This comparison with Rajasekhara's garbhanka sheds some light on what Ksemlsvara may have been trying to accomplish through these "writerly" moments in his plays. While he appears largely to have accepted Rajasekhara's pre-dhvani principles of textual production, in which rasavat is a poetic guna, he was perhaps also aware of Anandavardhana's idea that the connoisseur was responsible for experiencing rasa. Furthermore, we should note that Ksemlsvara generates the unpleasurable rasas in the Candakausika entirely through poetry, while in the Naisadhananda he emphasizes how acting mediates this aesthetic experience. Taken in sequence, these two plays indicate not only how the world of Sanskrit theater was grappling with the newfound poetic interest in rasa, but also how the new theoretical concept of rasa-dhvani, by then only a few decades old, would have raised new questions for dramatists. What is now the role of the actor in "writerly" rasa production? What is the relationship between a character's sthayibhava and the spectator's rasa? And, most importantly for Ksemlsvara, what is the pleasure in producing unpleasurable rasas on the Sanskrit stage?

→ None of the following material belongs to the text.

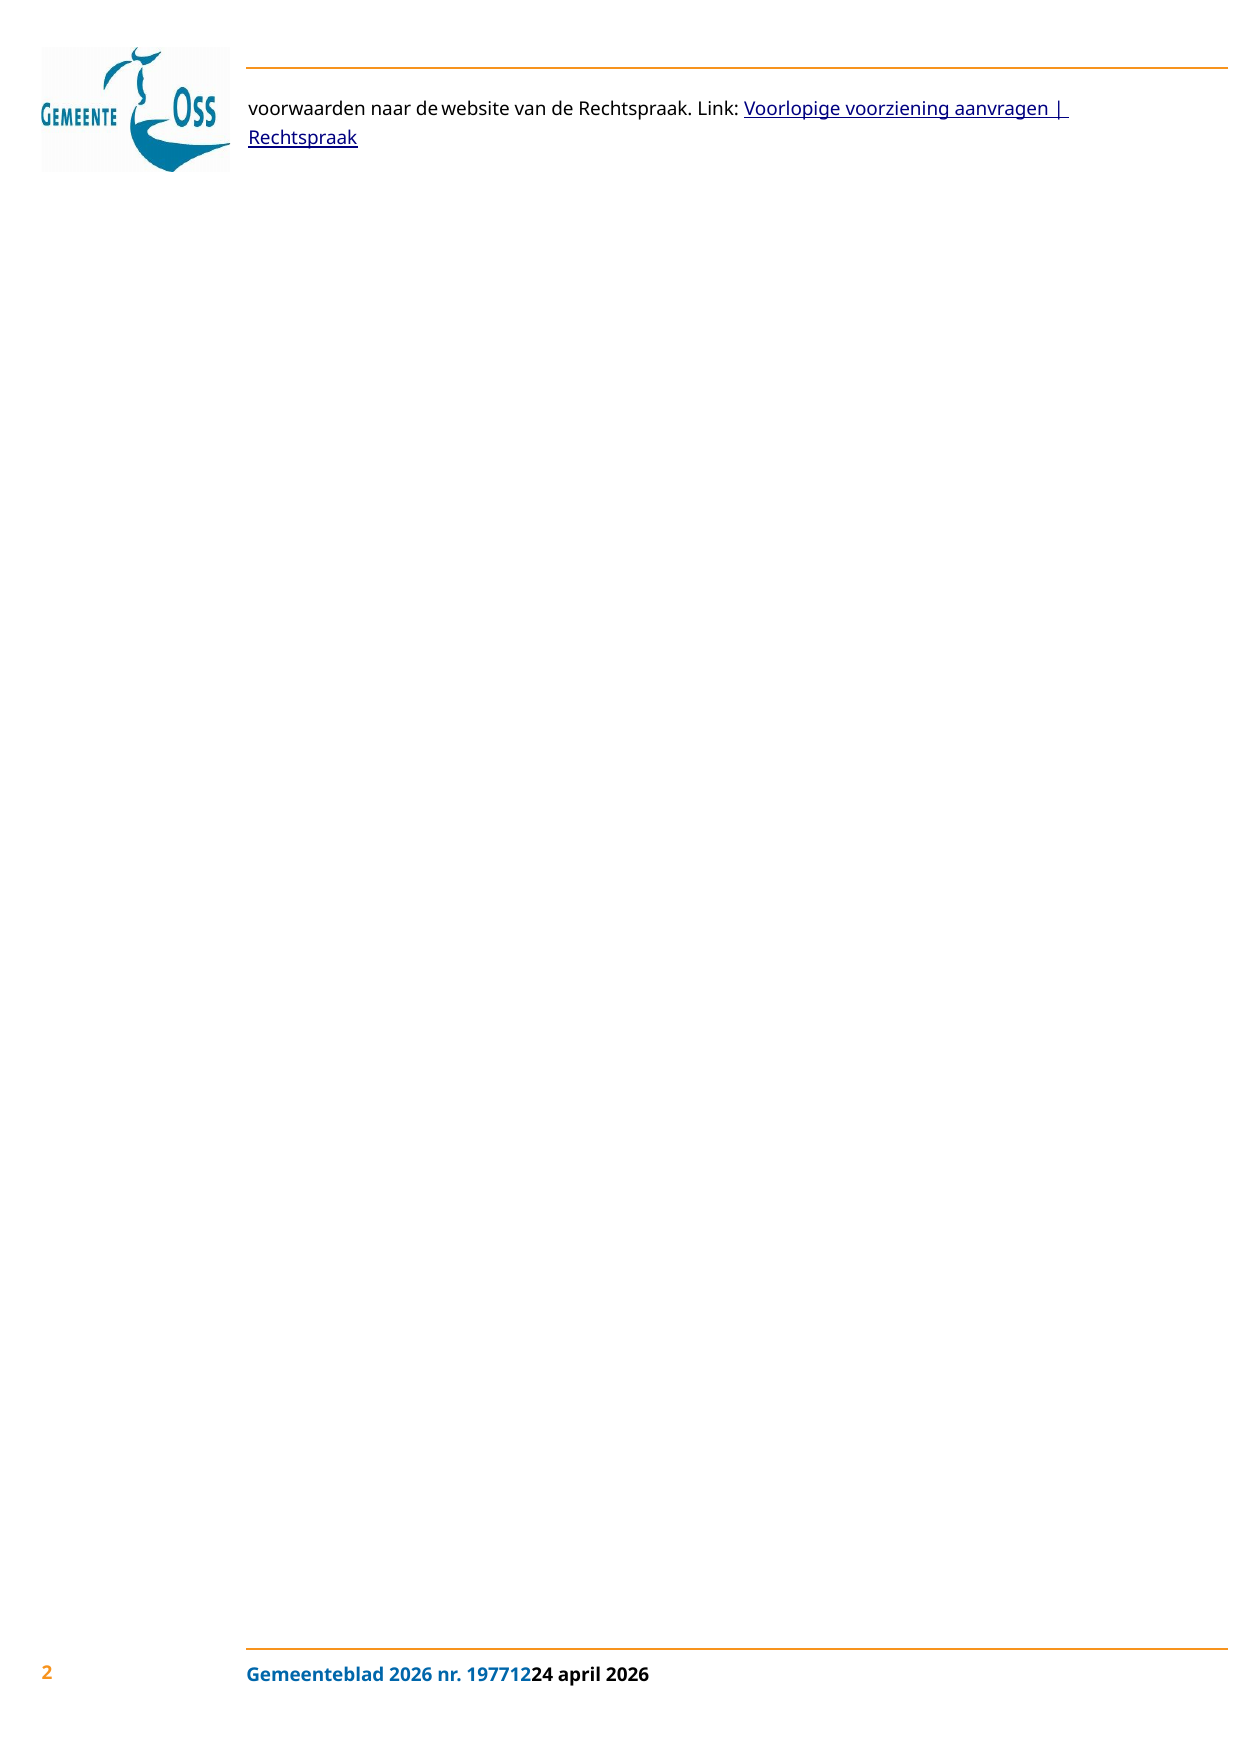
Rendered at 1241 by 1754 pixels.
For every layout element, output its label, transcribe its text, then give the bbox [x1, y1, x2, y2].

text voorwaarden naar de website van de Rechtspraak. Link: Voorlopige voorziening aanvragen | Rechtspraak [248, 95, 1152, 150]
picture [41, 47, 231, 172]
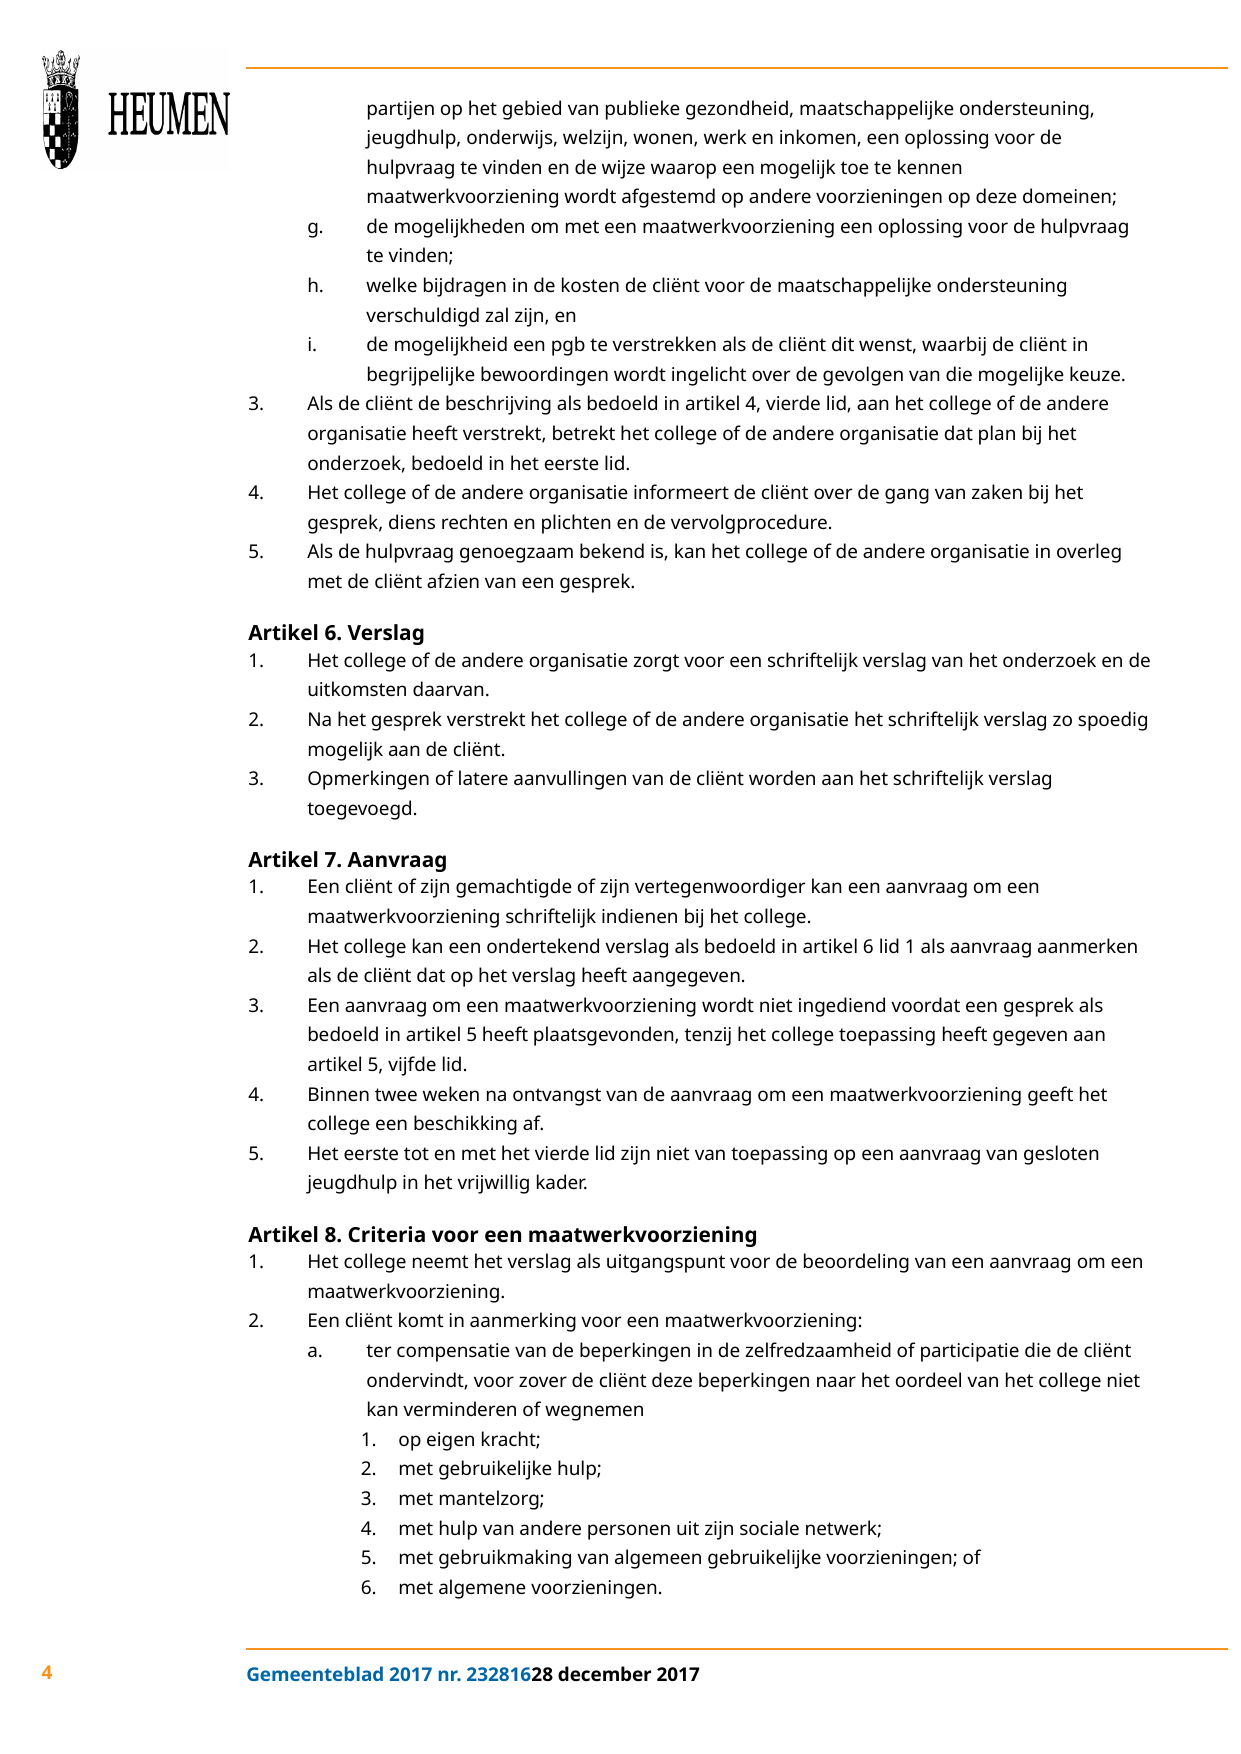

As this study has argued, Ksemlsvara tackles the problem of unpleasurable rasas by creating a "split-image" between curiosity (kutuhala) and anxiety in their appreciation. The importance of kutuhala as an analytic concept for Ksemlsvara is further expressed at the start of the Naisadhananda's play-within-the-play. The acting troupe here disposes of the normally elaborate opening ceremonies (purvarahga) of the Sanskrit theater with one simple verse. Seeing this, King Rtuparna declares with satisfaction, "Oh very good! They've done away with that whole business of the musical arrangements (pratyahara) and so on, which just bruise the interests (kutuhala) of the audience; instead, using a benediction that praises the directions, the actors have simply summarized the opening ceremonies" (sadhu bho sadhu parisatkutuhalavimardakari pratyaharadiprapahcam apahaya digvandanam nandim prayujyamanair ayam upasamhrtaprayah purvarahgah kusilavaih) (NA ad 6.9). (24.) Clearly kutuhala is, for Ksemlsvara, a central measure of the success of theater, and deserves a closer examination so that we might arrive at some larger conclusions about the theoretical impact of this playwright's work.

The words kutuhala and kautuka are largely synonymous in Sanskrit, meaning 'curiosity', 'interest', or 'fascination' (see Amarasimha's Amarakosa 1.7.470). In the theater these terms were commonly used to indicate, as one might expect, a character's fascination with something unusual. In Kalidasa's Abhijnanasakuntalaf for example, it is kutuhala that prompts the king Dusyanta to ask for a more complete account of how Sakuntala was abandoned at birth by her true father Vis'vamitra (Sakuntala ad 1.21). In Bhavabhuti's Malatimadhava the heroine Malati is described as being "fascinated" (kutuhalini) by Madhava's beautiful garland (Malatlmadhava ad 1.32). And in Harsa's Ratnavall, when the Vidusaka notices a picture of the king and Ratnavall (drawn by Ratnavall and her friend) and cries out, "Hey, friend, luckily you've succeeded!" (bho vayasya distya vardhase), the king asks him, with curiosity (sakautukam), "What is it, my friend?" (vayasya kirn etat) (Ratnavall ad 1.8). As these examples suggest, kutuhala and kautuka do not accompany any fully developed aesthetic experience, and represent a cognitive rather than emotional reaction.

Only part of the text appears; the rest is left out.